SPREY Log #20 – The Void

A lot of things are in movement right now. Recently, the server for our game “Your Land” moved. I had no idea what extra work such a server move entails, but we’re doing good I think.

My courses are going well, although I’m permanently tired since a migraine last week. My best guess is that I didn’t have time to fully recover yet. The deadlines from the courses and freelance work won’t stop, you know. But I’m taking away from this that I have to plan better in the future, that I do have the time for my health. And also, that despite my will to crunch, I can’t crunch right now, otherwise I’ll be even more exhausted the next day. The smart move is to cap the daily workload so that things get done, but the energy level doesn’t fall even lower.

Also related to all of this, I have a fantastic teaching advice for you that you can use both as a student and as a teacher. You cannot tear down without building up. What do I mean? Imagine the typical situation where your teacher has to inform you that you are doing something wrong. They must not only show you how your way is wrong, they MUST absolutely show you how to do it instead in a way that you understand it and that you can practically apply it in the future – and that it is actually useful to you. It is irresponsible to just ‘destroy’ a student. Whatever inefficient or insufficient thing you did until now, it at least brought you here. If someone just takes it away from you, destroys your confidence in this specific part of your process and doesn’t give you something else at hand, something that YOU can actually use, your whole current process could implode from that faulty bit. Then your destroyed confidence compounds, as suddenly nothing is working anymore. And then you are left with nothing. And that is not a good place to be in psychologically. Luckily I’m resilient, so I was out of the void again after about three days. But no teacher will ever pull this on me again. And I will not be that teacher either. It is especially frustrating when you know your teacher is right, but you just can’t follow them over to the place they’re at and they can’t explain it in a way that you can go there either. You are free to ignore for now and move on, it will click later with more mileage, practical experience and research. That’s what I’m doing at least. Having a faulty way of creating for now is better than having none at all anymore.

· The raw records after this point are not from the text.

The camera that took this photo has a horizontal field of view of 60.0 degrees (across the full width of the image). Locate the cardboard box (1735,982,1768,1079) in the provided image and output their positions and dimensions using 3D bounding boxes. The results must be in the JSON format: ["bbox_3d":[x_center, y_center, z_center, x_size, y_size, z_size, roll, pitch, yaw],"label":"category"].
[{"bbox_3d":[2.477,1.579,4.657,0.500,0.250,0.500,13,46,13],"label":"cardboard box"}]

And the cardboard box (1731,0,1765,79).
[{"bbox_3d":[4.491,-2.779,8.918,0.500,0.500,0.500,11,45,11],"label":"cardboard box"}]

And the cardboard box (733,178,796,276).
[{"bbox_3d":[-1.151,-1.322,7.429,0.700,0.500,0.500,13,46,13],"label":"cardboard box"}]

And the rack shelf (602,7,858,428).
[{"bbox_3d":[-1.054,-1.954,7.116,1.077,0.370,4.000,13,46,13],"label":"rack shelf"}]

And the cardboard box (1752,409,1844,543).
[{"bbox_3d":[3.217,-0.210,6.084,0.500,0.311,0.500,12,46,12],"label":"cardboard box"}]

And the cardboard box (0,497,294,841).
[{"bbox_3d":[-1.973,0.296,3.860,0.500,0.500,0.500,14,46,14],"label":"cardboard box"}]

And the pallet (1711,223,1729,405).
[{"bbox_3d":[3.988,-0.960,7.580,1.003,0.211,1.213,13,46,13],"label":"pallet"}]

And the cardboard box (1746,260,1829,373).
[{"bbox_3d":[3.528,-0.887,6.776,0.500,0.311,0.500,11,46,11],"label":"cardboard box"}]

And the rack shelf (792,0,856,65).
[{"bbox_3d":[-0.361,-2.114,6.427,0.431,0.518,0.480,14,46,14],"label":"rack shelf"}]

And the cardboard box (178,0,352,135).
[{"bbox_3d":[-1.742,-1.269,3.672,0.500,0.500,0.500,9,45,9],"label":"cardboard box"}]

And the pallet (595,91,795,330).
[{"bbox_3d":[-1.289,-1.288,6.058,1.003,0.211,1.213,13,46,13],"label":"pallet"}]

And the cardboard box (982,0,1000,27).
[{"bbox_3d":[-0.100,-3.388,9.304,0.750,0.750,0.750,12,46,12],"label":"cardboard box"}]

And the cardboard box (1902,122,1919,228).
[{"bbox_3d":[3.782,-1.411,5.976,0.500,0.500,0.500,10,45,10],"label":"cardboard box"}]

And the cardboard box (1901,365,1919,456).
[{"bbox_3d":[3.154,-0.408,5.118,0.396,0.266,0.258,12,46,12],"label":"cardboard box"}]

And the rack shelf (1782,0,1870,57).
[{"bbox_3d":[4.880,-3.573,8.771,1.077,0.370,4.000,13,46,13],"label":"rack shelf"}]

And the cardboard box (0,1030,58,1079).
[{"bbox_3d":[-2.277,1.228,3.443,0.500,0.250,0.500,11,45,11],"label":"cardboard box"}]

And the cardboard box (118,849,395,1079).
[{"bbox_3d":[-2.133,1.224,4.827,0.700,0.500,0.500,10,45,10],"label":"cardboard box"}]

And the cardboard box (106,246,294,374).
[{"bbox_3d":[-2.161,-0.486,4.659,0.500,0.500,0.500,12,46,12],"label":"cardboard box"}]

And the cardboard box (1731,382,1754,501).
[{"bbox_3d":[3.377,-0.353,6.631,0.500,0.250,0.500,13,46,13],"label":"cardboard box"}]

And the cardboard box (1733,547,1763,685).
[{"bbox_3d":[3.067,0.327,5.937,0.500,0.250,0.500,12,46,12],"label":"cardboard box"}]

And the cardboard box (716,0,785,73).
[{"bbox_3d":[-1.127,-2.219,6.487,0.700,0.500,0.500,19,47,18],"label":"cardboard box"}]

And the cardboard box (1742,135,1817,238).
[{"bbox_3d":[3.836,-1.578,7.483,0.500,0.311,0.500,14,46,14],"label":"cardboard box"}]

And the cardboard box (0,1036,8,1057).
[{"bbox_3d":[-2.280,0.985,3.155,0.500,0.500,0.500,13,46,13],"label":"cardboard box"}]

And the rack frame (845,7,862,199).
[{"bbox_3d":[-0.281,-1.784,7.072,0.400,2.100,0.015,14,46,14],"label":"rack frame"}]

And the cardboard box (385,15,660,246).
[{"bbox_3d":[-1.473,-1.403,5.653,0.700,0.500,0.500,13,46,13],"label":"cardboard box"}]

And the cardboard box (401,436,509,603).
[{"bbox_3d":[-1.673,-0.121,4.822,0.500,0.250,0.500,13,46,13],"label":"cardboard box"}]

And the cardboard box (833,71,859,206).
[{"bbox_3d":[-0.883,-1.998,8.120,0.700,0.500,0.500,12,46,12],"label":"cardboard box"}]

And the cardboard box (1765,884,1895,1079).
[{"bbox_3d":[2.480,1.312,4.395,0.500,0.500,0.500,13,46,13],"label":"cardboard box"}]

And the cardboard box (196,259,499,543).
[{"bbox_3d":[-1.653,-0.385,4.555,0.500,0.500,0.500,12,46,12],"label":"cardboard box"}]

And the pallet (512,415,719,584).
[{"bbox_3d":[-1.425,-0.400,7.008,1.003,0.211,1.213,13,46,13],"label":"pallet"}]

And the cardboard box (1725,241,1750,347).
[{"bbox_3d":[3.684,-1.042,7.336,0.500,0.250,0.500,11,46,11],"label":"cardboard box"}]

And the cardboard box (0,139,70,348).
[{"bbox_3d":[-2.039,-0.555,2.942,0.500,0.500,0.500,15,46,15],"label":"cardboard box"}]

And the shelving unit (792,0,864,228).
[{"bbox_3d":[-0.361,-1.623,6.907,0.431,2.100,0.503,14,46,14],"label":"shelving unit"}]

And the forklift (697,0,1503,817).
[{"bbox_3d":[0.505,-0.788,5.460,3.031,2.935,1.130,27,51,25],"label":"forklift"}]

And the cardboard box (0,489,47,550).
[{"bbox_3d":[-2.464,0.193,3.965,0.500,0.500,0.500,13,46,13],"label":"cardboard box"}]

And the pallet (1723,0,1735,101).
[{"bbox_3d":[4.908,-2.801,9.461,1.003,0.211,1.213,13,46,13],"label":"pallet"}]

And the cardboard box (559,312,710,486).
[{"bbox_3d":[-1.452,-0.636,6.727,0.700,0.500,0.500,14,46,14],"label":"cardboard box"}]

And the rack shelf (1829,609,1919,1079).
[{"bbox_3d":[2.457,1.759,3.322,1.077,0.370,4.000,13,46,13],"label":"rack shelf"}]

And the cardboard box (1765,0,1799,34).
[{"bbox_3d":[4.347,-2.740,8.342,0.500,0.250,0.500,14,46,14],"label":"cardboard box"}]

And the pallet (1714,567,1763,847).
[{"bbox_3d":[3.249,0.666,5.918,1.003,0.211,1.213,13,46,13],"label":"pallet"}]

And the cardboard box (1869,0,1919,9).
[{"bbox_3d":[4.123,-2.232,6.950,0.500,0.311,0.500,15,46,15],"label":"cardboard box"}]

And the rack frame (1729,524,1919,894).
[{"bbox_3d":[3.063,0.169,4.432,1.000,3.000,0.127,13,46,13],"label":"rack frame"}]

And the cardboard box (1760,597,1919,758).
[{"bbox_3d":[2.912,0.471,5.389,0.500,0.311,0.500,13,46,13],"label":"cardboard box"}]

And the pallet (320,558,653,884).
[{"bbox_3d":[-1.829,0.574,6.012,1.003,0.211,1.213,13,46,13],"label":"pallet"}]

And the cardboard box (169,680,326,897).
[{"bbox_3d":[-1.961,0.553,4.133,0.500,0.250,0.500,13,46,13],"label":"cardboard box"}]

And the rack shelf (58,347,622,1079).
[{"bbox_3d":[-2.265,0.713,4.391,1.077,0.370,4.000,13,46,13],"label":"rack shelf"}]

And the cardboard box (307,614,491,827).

There seems to be another level of difficulty to the whole problem that has nothing to do with an individual mentorship, it is rather a broader, conceptual problem. By now I know there is a group of artists of unknown size all over the world that is like me. I would call them visual storytellers for a lack of a better word. An artist, that cannot help but look into fictional universes and come back with long form stories or whole worlds. A writer, that is in the body of a visual artist and that has grown up on movies, tv and music videos, knows and loves their aesthetic and wants to create something that feels equally…grandiose. We do not ask for this, it comes to us. But returning to this world we are told, we cannot do this. People have the nerve to tell us both that you should start small and that you should forget it, as you need a whole team to get anything of significance off the ground. Also, there seems to be this shared sense that you have to “earn” pursuing your own stories after waiting in line for many years, drawing some rocks or otherwise support other people’s visions, jumping through all the hoops all other people had to jump through, too, and then end up with a compromised version of something you would have liked to do as the pinnacle of your corporate career. But at least you had a team working on it and the approval of a corporation. And you did everything right and according to the rulebook.

Life is too short for that. You need time to get good at storytelling. My short dip into the void showed me again that I have no time to spend on getting anyone’s approval. I need to create what I was born to create and I need not be distracted with a flurry of other things anymore. The world is pretty good at distractions by the way. You must be better.

See you next blogpost!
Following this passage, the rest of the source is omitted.